Research & Development
Abionic Integrates First Patients in US Clinical Trial for Sepsis Diagnosis Method
13 January 2020 - - Swiss medtech firm Abionic SA is initiating a pivotal clinical trial in the US for an innovative point-of-care diagnostic method for sepsis to validate the results of a first trial that took place in Europe in 2019, proving the suitability of Abionic's sepsis test on the abioSCOPE device to identify sepsis, the company said.

The PSP test on the abioSCOPE can diagnose sepsis 24 hours earlier than TODAY's standard of care for sepsis diagnosis. For the US version of the study, the first patients are now being integrated.

The study will be held in seven leading hospitals: Rhode Island Hospital in Providence, RI, Baystate Medical Center in Springfield, MA, Rush Medical University in Chicago, IL, and the Mercy Health clinics Saint-Vincent, Saint-Anne, and Saint-Charles, all located in Toledo, OH.

The trial will support an FDA 510(k) filing. The goal of the study is to assess the performance of immunoassay measurements of pancreatic stone protein performed on Abionic's abioSCOPE device.

As indicated by earlier studies, PSP is the best marker to distinguish sepsis from non-infectious inflammation. The US study therefore seeks to confirm the results of the previously conducted European trials that found the PSP test on the abioSCOPE is able to recognize sepsis earlier than other markers.

Of the 30m people that are affected by sepsis each year, nine m cases are fatal. Unfortunately, sepsis symptoms are often unclear and unspecific.

This results in sepsis being overlooked or recognized too late, as mortality increases by ~ 8% per hour the treatment is delayed.

Current methods can take up to 48 hours to diagnose sepsis, meaning that vital time is lost, and survival chances diminish. Moreover, sepsis is also extremely costly for healthcare organizations: in the US alone, sepsis-related costs in hospitals surpass USD 24bn annually.

abioSCOPE delivers results in as little as five minutes, allowing immediate administration of effective treatment and thus reducing mortality. This also allows for lower costs for healthcare organizations.

Sepsis is a life-threatening organ dysfunction caused by a dysregulated host response to infection. Infection leading to sepsis is mostly bacterial, but can be fungal or viral as well.

Sepsis is a global health crisis, affecting 27 to 30 m people every year. 7 to 9 m of sepsis patients die one death every 3 seconds. Depending on the country, mortality varies between 15% and more than 50%.
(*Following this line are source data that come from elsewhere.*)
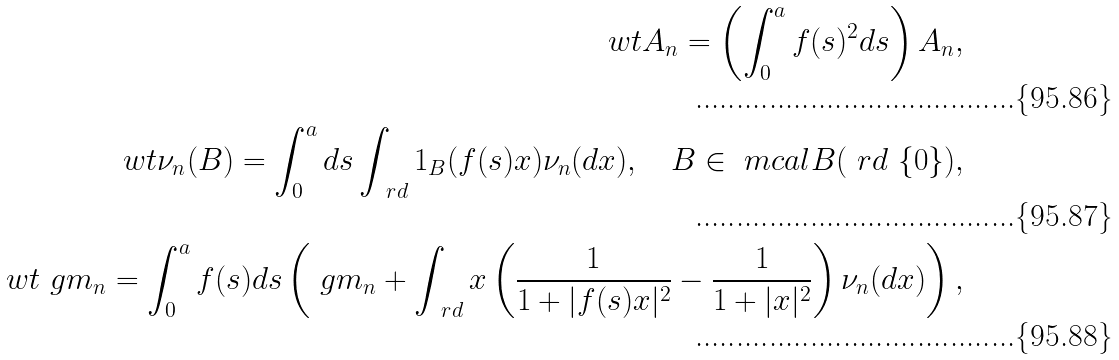<formula> <loc_0><loc_0><loc_500><loc_500>\ w t A _ { n } = \left ( \int _ { 0 } ^ { a } f ( s ) ^ { 2 } d s \right ) A _ { n } , \\ \ w t \nu _ { n } ( B ) = \int _ { 0 } ^ { a } d s \int _ { \ r d } 1 _ { B } ( f ( s ) x ) \nu _ { n } ( d x ) , \quad B \in \ m c a l B ( \ r d \ \{ 0 \} ) , \\ \ w t \ g m _ { n } = \int _ { 0 } ^ { a } f ( s ) d s \left ( \ g m _ { n } + \int _ { \ r d } x \left ( \frac { 1 } { 1 + | f ( s ) x | ^ { 2 } } - \frac { 1 } { 1 + | x | ^ { 2 } } \right ) \nu _ { n } ( d x ) \right ) ,</formula> 
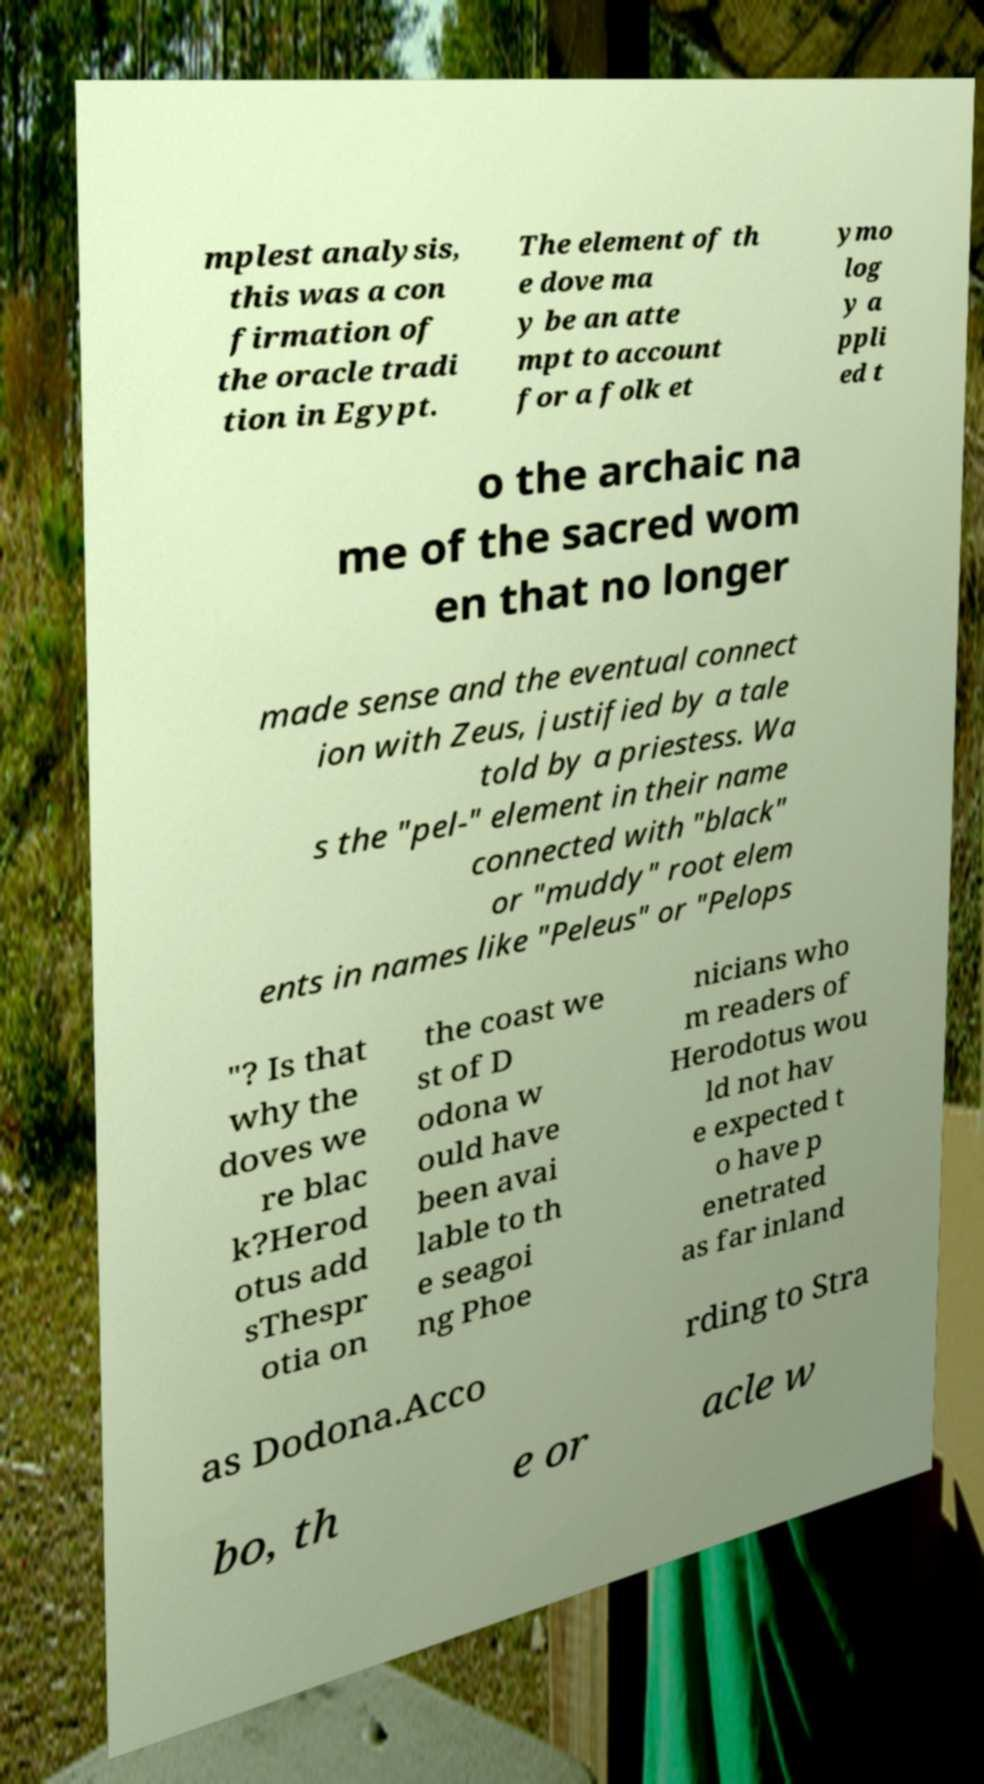For documentation purposes, I need the text within this image transcribed. Could you provide that? mplest analysis, this was a con firmation of the oracle tradi tion in Egypt. The element of th e dove ma y be an atte mpt to account for a folk et ymo log y a ppli ed t o the archaic na me of the sacred wom en that no longer made sense and the eventual connect ion with Zeus, justified by a tale told by a priestess. Wa s the "pel-" element in their name connected with "black" or "muddy" root elem ents in names like "Peleus" or "Pelops "? Is that why the doves we re blac k?Herod otus add sThespr otia on the coast we st of D odona w ould have been avai lable to th e seagoi ng Phoe nicians who m readers of Herodotus wou ld not hav e expected t o have p enetrated as far inland as Dodona.Acco rding to Stra bo, th e or acle w 
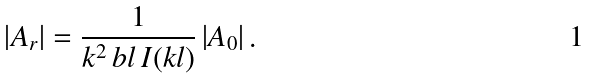Convert formula to latex. <formula><loc_0><loc_0><loc_500><loc_500>\left | A _ { r } \right | = \frac { 1 } { k ^ { 2 } \, b l \, I ( k l ) } \left | A _ { 0 } \right | .</formula> 
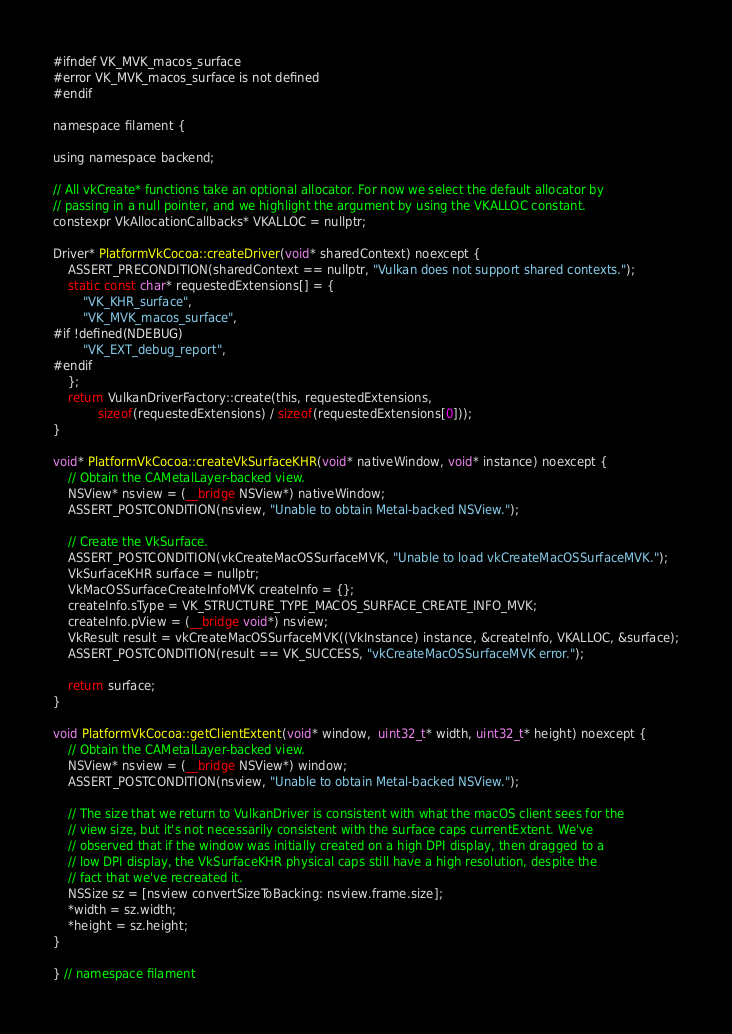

Mortality increases 8% every hour that treatment is delayed. If sepsis is diagnosed and treated in the first hour, the patient's chances of survival exceed 80%.

Founded in 2010, Abionic is a Swiss Medtech company that has developed a revolutionary nanofluidic technology, providing healthcare professionals with a fast, simple and universal diagnostic tool.

Abionic's cutting-edge Nanotechnology enhances efficiency and versatility of standard ELISA tests to deliver optimal point of care treatment options with the potential to reduce the current biological techniques from macroscale to nanoscale in a multi-analyte environment.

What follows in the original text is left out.